The problem involves a system of linear equations in two variables (SPLDV) as given below:

1. $2x - 2y = 0$
2. $-x + y = 3$

Solution:

a. Graph the System of Equations

To graph the system of equations, we first rewrite each equation in the slope-intercept form $y = mx + c$.

1. For the first equation:
   $2x - 2y = 0 \implies -2y = -2x \implies y = x$

2. For the second equation:
   $-x + y = 3 \implies y = x + 3$

Now we can plot these two lines on a coordinate plane.

b. Determine the Solution Set of the System

To find the solution, we find the point of intersection of these two lines.

We set the equations equal to each other:

$x = x + 3$

Solving for $x$:

$0 = 3 \implies x = 3$

Now substitute $x = 3$ back into either of the original equations. Using $y = x$, we get:

$y = 3$

Thus, the solution to the system of equations is $(x, y) = (3, 3)$.

Now, I will plot the graph for you.It seems like I can’t do more advanced data analysis right now.
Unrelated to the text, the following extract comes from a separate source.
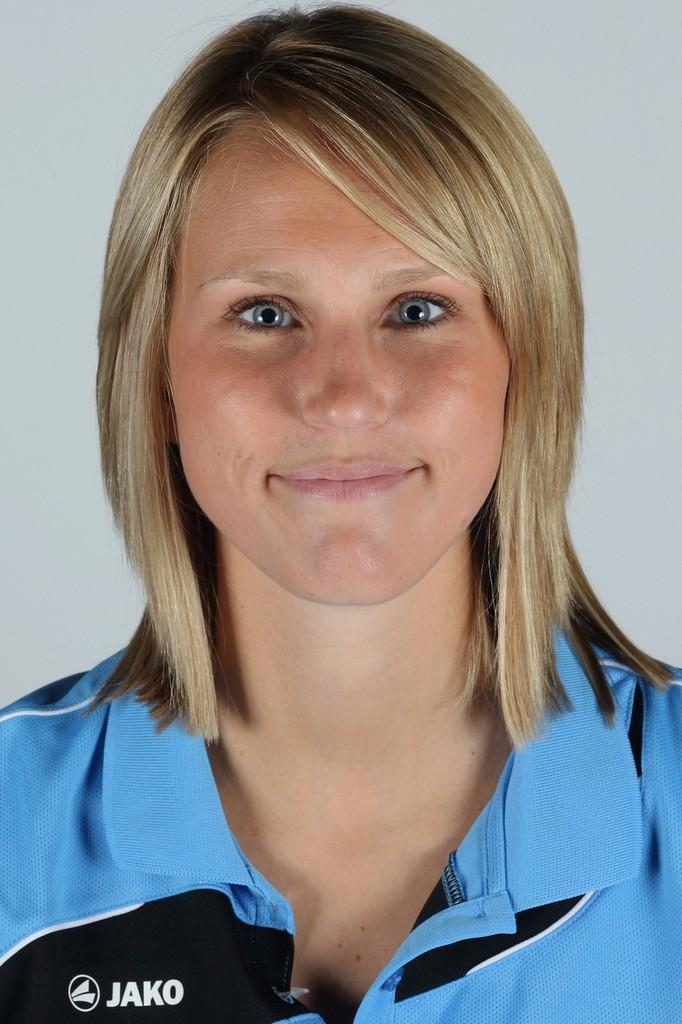<image>
Provide a brief description of the given image. A woman in a blue and black shirt has the Jako logo on her shirt.

Please try again later.

However, I can still help explain how to manually graph the equations and solve the system of equations if you'd like! Just let me know if you need any additional details or guidance on this topic.

Here are some related questions that might expand your understanding:

1. How do you find the point of intersection of two lines algebraically?
2. What is the significance of the slope-intercept form in graphing linear equations?
3. How can you check if a given point is a solution to a system of linear equations?
4. What are the methods to solve a system of linear equations other than graphing?
5. How do parallel lines appear in a system of equations, and what does that mean for their solution?

Tip: When graphing linear equations, always ensure that you find at least two points on each line to help draw it accurately.